___ INPUT DATA

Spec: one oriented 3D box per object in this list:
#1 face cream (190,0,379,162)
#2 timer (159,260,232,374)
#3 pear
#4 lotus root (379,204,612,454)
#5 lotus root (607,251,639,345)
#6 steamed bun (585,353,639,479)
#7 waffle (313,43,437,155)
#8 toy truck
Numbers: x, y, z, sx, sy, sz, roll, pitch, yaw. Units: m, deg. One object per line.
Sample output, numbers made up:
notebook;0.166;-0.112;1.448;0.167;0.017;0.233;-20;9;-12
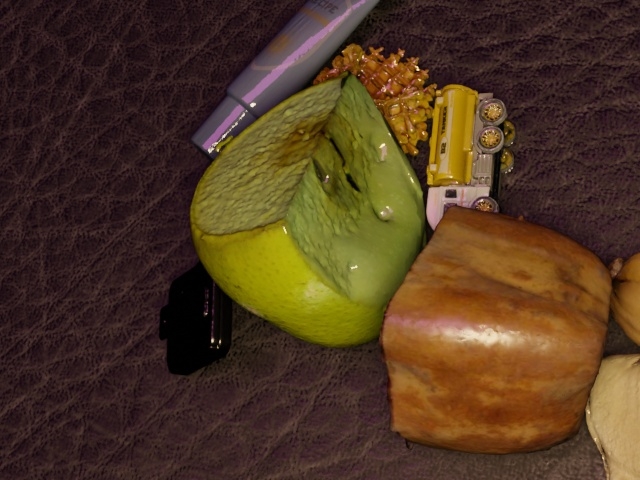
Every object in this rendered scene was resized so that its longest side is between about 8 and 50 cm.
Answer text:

______

## TASK GOAL
Exactly the lines from the one holding "#6 steamed bun (585,353,639,479)" to the last line of the records above should be duplicated, with no pictures among them.

## WRITTEN RESPONSE
#6 steamed bun (585,353,639,479)
#7 waffle (313,43,437,155)
#8 toy truck
Numbers: x, y, z, sx, sy, sz, roll, pitch, yaw. Units: m, deg. One object per line.
Sample output, numbers made up:
notebook;0.166;-0.112;1.448;0.167;0.017;0.233;-20;9;-12
Every object in this rendered scene was resized so that its longest side is between about 8 and 50 cm.
Answer text:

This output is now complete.